Requirement: From the data below, please reproduce exactly everything from the line that contains "- rack frame (729, 275, 845, 660)" down to the line that contains "- cardboard box (1355, 340, 1371, 346)", with both ends included.

Data records:
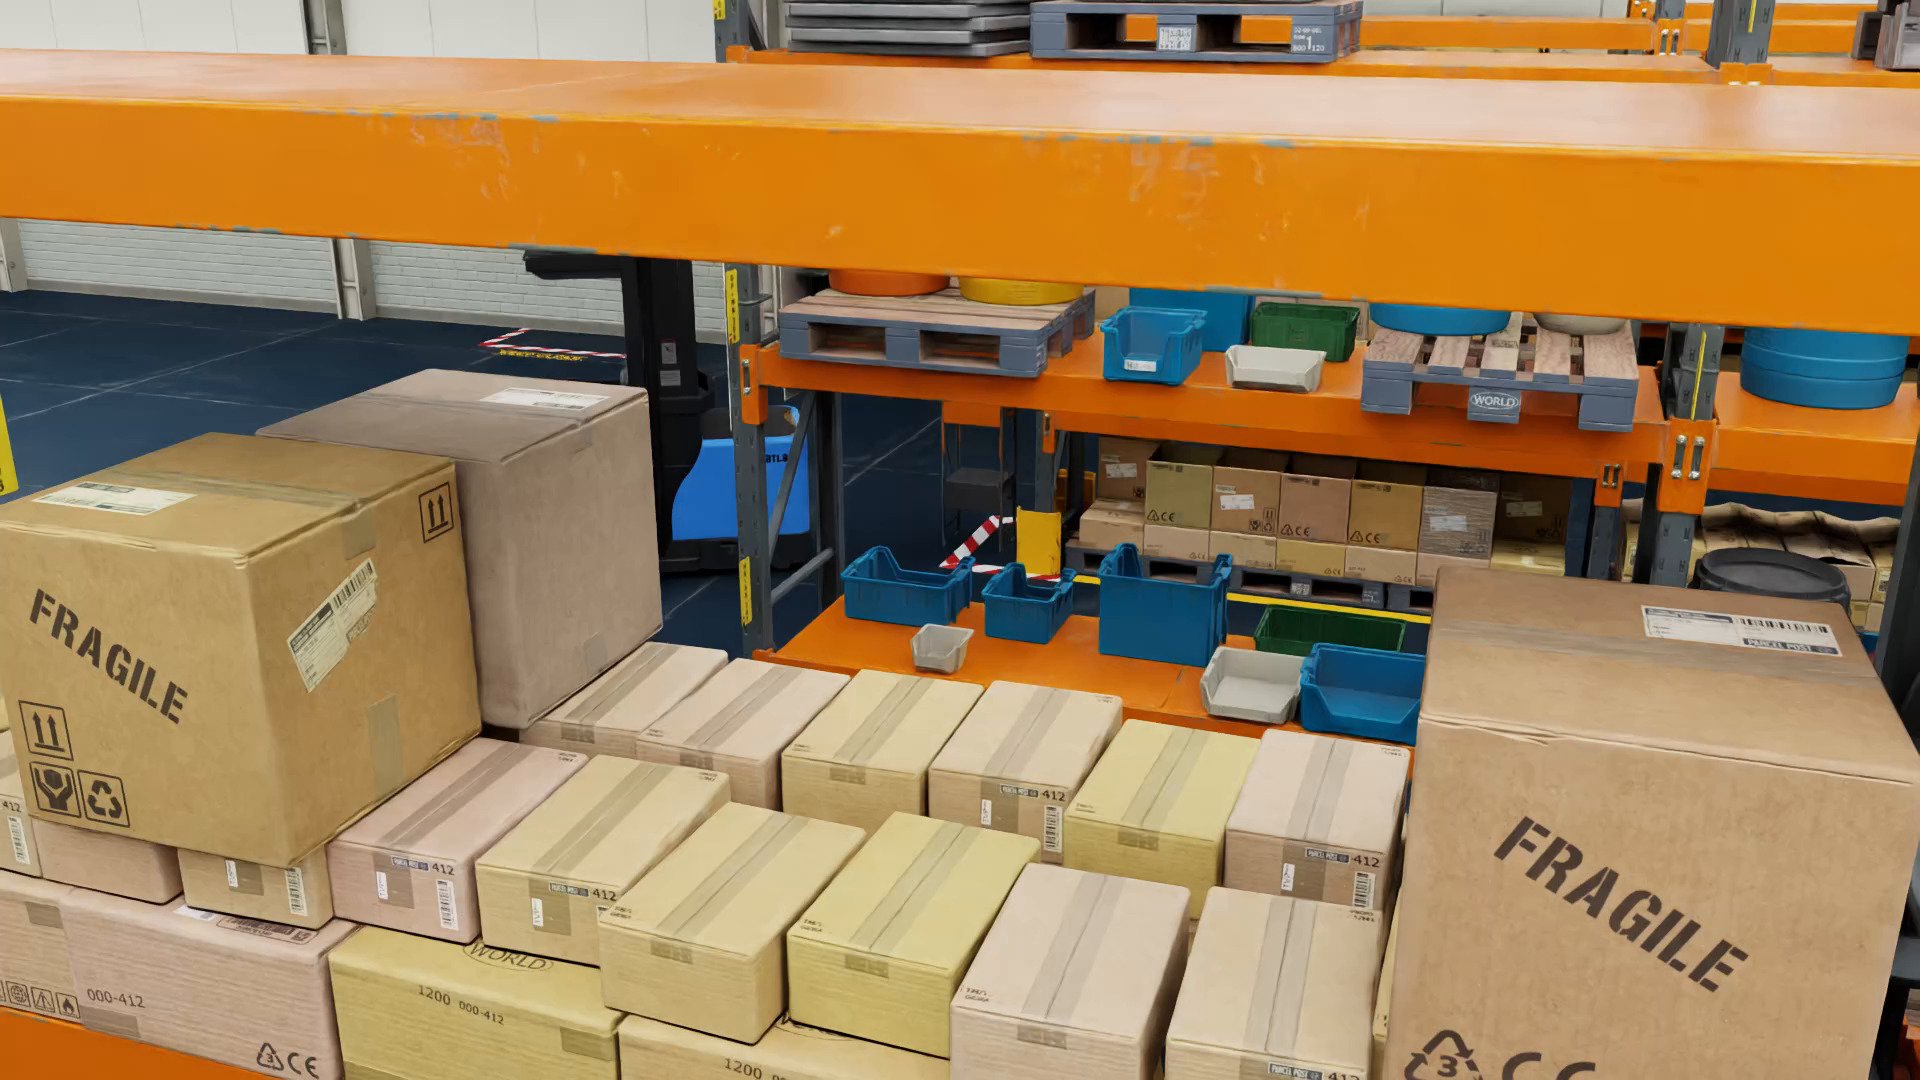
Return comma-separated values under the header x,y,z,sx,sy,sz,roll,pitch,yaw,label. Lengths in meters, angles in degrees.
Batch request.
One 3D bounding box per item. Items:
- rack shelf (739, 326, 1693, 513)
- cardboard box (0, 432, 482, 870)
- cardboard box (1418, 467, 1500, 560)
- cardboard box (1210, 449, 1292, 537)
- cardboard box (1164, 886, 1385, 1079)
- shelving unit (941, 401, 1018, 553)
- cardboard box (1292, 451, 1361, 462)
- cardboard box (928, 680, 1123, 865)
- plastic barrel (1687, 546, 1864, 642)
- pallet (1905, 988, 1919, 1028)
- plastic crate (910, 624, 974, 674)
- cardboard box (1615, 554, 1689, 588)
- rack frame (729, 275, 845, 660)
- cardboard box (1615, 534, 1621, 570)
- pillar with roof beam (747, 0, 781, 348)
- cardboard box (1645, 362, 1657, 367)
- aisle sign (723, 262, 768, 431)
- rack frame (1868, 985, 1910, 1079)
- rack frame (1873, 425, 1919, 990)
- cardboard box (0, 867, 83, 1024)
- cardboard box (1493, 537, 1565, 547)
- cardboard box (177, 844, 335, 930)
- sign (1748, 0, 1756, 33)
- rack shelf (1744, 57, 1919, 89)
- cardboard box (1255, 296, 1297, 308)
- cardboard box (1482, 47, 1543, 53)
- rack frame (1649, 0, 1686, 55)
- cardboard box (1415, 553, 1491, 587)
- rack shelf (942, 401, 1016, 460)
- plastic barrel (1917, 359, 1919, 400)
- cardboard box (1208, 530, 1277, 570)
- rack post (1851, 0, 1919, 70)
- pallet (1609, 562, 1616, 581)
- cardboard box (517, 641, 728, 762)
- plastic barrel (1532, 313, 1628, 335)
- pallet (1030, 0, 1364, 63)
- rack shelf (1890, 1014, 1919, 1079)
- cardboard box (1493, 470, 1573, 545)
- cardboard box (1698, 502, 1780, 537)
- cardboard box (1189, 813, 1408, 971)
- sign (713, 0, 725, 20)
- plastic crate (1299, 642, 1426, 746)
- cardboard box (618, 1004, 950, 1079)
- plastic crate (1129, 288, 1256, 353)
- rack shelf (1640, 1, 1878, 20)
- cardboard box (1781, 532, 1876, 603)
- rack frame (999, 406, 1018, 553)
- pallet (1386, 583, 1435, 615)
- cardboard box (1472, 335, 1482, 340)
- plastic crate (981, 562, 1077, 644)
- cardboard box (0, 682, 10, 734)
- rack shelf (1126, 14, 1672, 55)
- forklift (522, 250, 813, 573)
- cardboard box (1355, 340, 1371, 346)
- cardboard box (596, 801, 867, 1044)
x,y,z,sx,sy,sz,roll,pitch,yaw,label
1.056,-0.654,7.432,4.000,0.370,1.077,7,20,18,rack shelf
-1.145,0.150,2.667,0.500,0.500,0.500,6,20,18,cardboard box
3.596,-0.195,11.979,0.500,0.500,0.500,7,20,18,cardboard box
2.179,-0.357,12.443,0.500,0.500,0.500,7,20,18,cardboard box
0.430,0.642,2.243,0.250,0.149,0.380,5,20,15,cardboard box
0.156,-0.974,13.179,0.503,2.100,0.431,7,20,18,shelving unit
2.822,-0.464,12.751,0.500,0.500,0.500,7,20,18,cardboard box
0.122,0.401,2.933,0.250,0.149,0.380,6,20,17,cardboard box
3.211,0.538,6.715,0.708,0.901,0.600,7,20,18,plastic barrel
3.700,2.028,7.438,1.213,0.211,1.003,7,20,18,pallet
-0.093,0.528,7.906,0.250,0.136,0.298,7,20,18,plastic crate
4.874,0.319,11.642,0.500,0.250,0.500,6,20,17,cardboard box
-0.833,0.206,8.427,0.127,3.000,1.000,7,20,18,rack frame
5.061,0.153,12.118,0.500,0.250,0.500,6,20,18,cardboard box
-3.717,-5.210,14.851,0.400,9.000,9.100,7,20,18,pillar with roof beam
6.897,-1.395,16.150,0.500,0.500,0.700,7,20,20,cardboard box
-0.997,-0.938,7.760,0.004,0.787,0.394,7,20,18,aisle sign
1.320,2.178,2.770,0.127,3.000,1.000,7,20,18,rack frame
1.320,-0.654,1.782,0.127,3.000,1.000,7,20,18,rack frame
-1.599,0.587,3.006,0.500,0.250,0.500,6,20,17,cardboard box
4.236,0.054,12.402,0.500,0.250,0.500,7,20,18,cardboard box
-1.057,0.465,2.750,0.250,0.149,0.380,6,20,16,cardboard box
2.754,-1.926,5.747,0.005,0.325,0.100,7,20,18,sign
4.835,-1.450,5.765,4.000,0.370,1.077,7,20,18,rack shelf
2.258,-1.824,12.128,0.500,0.500,0.700,7,20,18,cardboard box
5.110,-4.413,15.421,0.500,0.500,0.500,8,21,21,cardboard box
4.574,-3.734,10.617,0.127,3.000,1.000,7,20,18,rack frame
3.596,0.160,12.101,0.500,0.250,0.500,7,20,18,cardboard box
0.156,-0.961,13.184,0.480,0.518,0.431,7,20,18,rack shelf
4.115,-0.957,6.445,0.600,0.901,0.600,0,19,0,plastic barrel
2.175,0.001,12.556,0.500,0.250,0.500,7,20,18,cardboard box
4.834,-2.103,5.634,3.121,1.000,1.013,7,20,18,rack post
5.283,0.483,11.870,1.213,0.211,1.003,7,20,18,pallet
-0.624,0.332,3.131,0.250,0.149,0.380,5,20,15,cardboard box
2.603,-1.137,6.915,0.421,0.512,0.421,0,19,0,plastic barrel
1.001,-2.128,6.904,1.213,0.211,1.003,7,20,18,pallet
3.209,1.318,1.775,4.000,0.370,1.077,7,20,18,rack shelf
4.239,-0.303,12.288,0.500,0.500,0.500,7,20,18,cardboard box
5.545,-0.057,11.871,0.500,0.311,0.500,7,20,20,cardboard box
0.478,0.649,2.828,0.500,0.250,0.500,6,20,18,cardboard box
-1.018,-2.357,6.985,0.005,0.325,0.100,7,20,18,sign
1.811,0.673,7.313,0.616,0.251,0.499,7,20,18,plastic crate
-0.169,0.752,2.533,0.500,0.250,0.500,6,20,18,cardboard box
1.067,-1.090,7.614,0.575,0.384,0.392,7,20,18,plastic crate
8.086,-4.530,14.602,4.000,0.370,1.077,7,20,18,rack shelf
5.844,0.167,11.227,0.500,0.311,0.500,6,20,16,cardboard box
0.387,-0.947,13.104,0.015,2.100,0.400,7,20,18,rack frame
3.837,0.316,12.348,1.213,0.211,1.003,7,20,18,pallet
3.675,-1.661,11.662,0.500,0.500,0.700,6,20,18,cardboard box
0.349,0.309,8.357,0.408,0.251,0.499,7,20,18,plastic crate
-1.782,0.361,3.048,0.250,0.149,0.380,6,20,17,cardboard box
2.685,-3.422,11.421,4.000,0.370,1.077,7,20,18,rack shelf
-2.714,-1.229,12.649,3.031,2.935,1.130,-3,19,-9,forklift
2.796,-1.383,11.849,0.250,0.149,0.380,7,20,20,cardboard box
-0.329,0.558,2.482,0.250,0.149,0.380,8,21,21,cardboard box
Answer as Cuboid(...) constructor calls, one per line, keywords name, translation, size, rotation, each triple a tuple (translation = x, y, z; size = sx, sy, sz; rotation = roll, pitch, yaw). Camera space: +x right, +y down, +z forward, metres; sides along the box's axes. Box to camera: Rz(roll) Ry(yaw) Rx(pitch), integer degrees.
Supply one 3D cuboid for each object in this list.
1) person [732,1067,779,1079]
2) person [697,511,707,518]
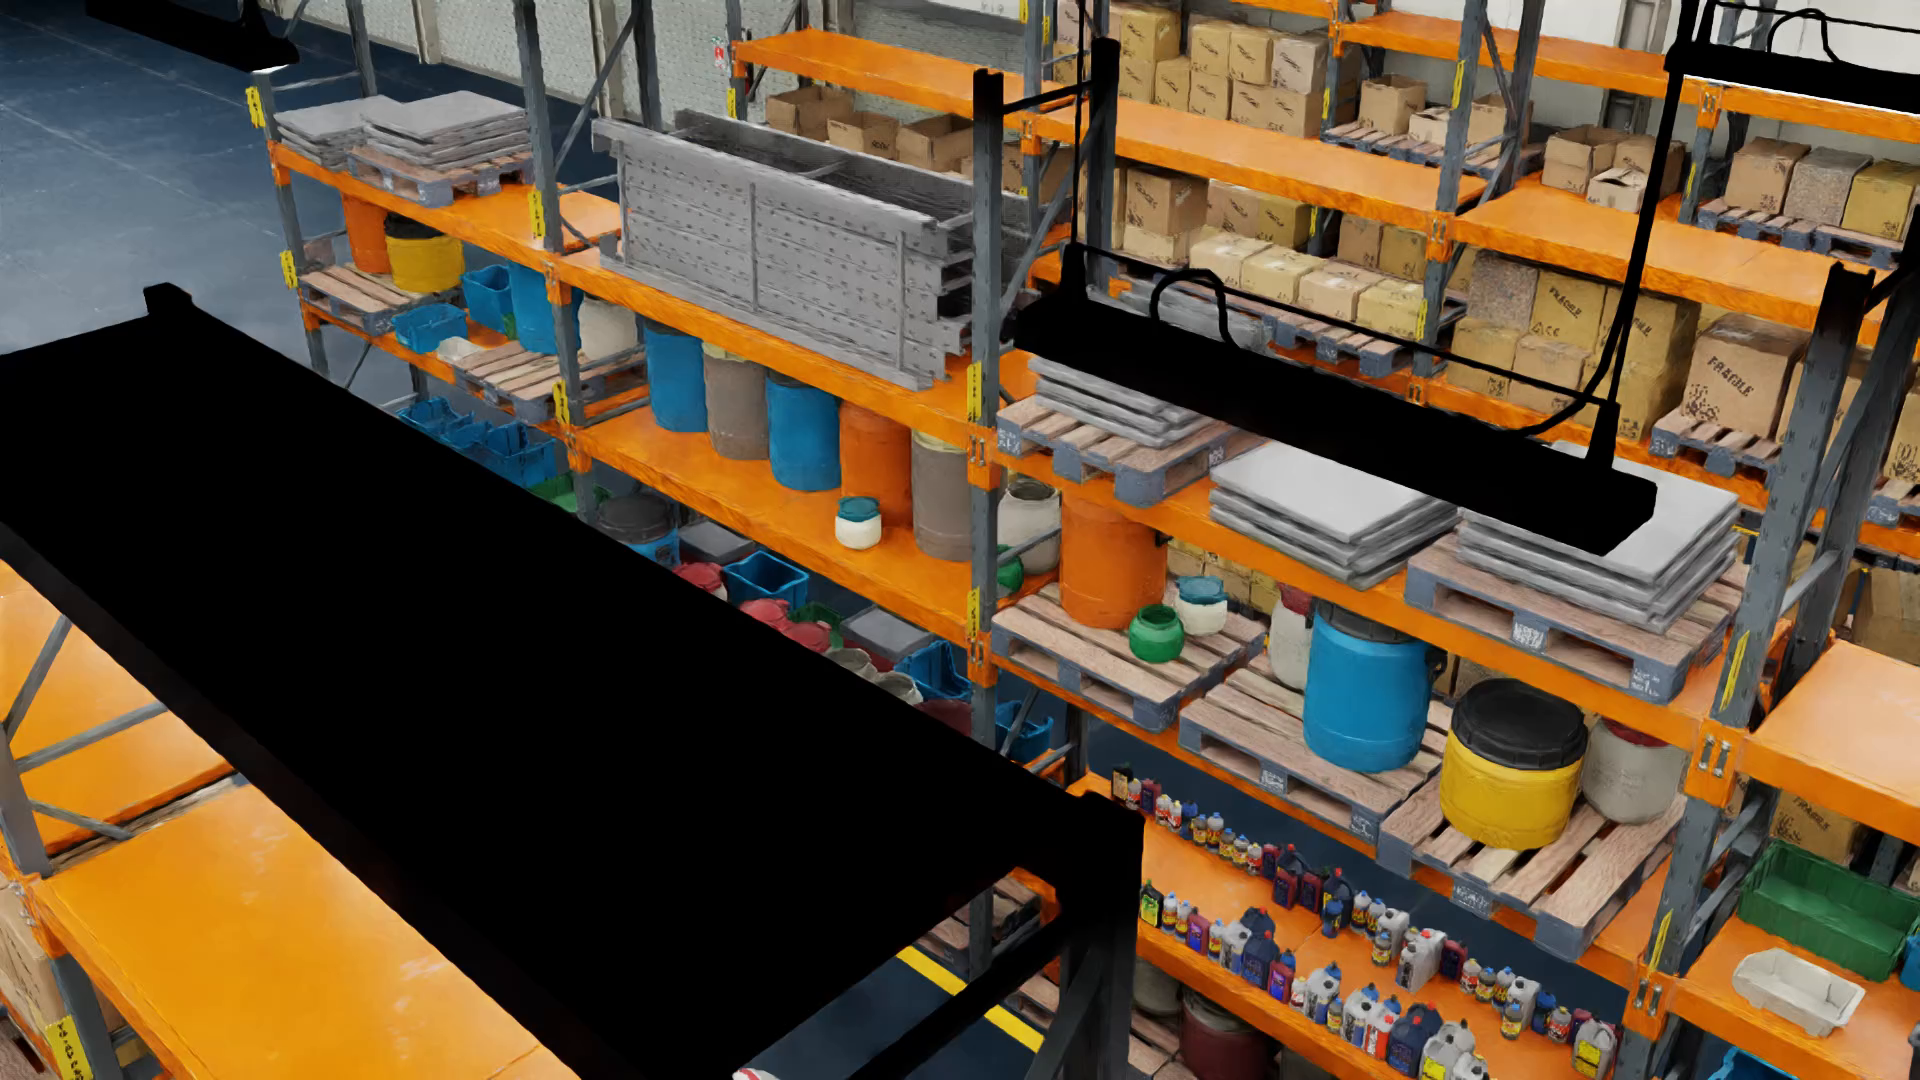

Output for this task:
- rack frame (729, 275, 845, 660)
- cardboard box (1615, 534, 1621, 570)
- pillar with roof beam (747, 0, 781, 348)
- cardboard box (1645, 362, 1657, 367)
- aisle sign (723, 262, 768, 431)
- rack frame (1868, 985, 1910, 1079)
- rack frame (1873, 425, 1919, 990)
- cardboard box (0, 867, 83, 1024)
- cardboard box (1493, 537, 1565, 547)
- cardboard box (177, 844, 335, 930)
- sign (1748, 0, 1756, 33)
- rack shelf (1744, 57, 1919, 89)
- cardboard box (1255, 296, 1297, 308)
- cardboard box (1482, 47, 1543, 53)
- rack frame (1649, 0, 1686, 55)
- cardboard box (1415, 553, 1491, 587)
- rack shelf (942, 401, 1016, 460)
- plastic barrel (1917, 359, 1919, 400)
- cardboard box (1208, 530, 1277, 570)
- rack post (1851, 0, 1919, 70)
- pallet (1609, 562, 1616, 581)
- cardboard box (517, 641, 728, 762)
- plastic barrel (1532, 313, 1628, 335)
- pallet (1030, 0, 1364, 63)
- rack shelf (1890, 1014, 1919, 1079)
- cardboard box (1493, 470, 1573, 545)
- cardboard box (1698, 502, 1780, 537)
- cardboard box (1189, 813, 1408, 971)
- sign (713, 0, 725, 20)
- plastic crate (1299, 642, 1426, 746)
- cardboard box (618, 1004, 950, 1079)
- plastic crate (1129, 288, 1256, 353)
- rack shelf (1640, 1, 1878, 20)
- cardboard box (1781, 532, 1876, 603)
- rack frame (999, 406, 1018, 553)
- pallet (1386, 583, 1435, 615)
- cardboard box (1472, 335, 1482, 340)
- plastic crate (981, 562, 1077, 644)
- cardboard box (0, 682, 10, 734)
- rack shelf (1126, 14, 1672, 55)
- forklift (522, 250, 813, 573)
- cardboard box (1355, 340, 1371, 346)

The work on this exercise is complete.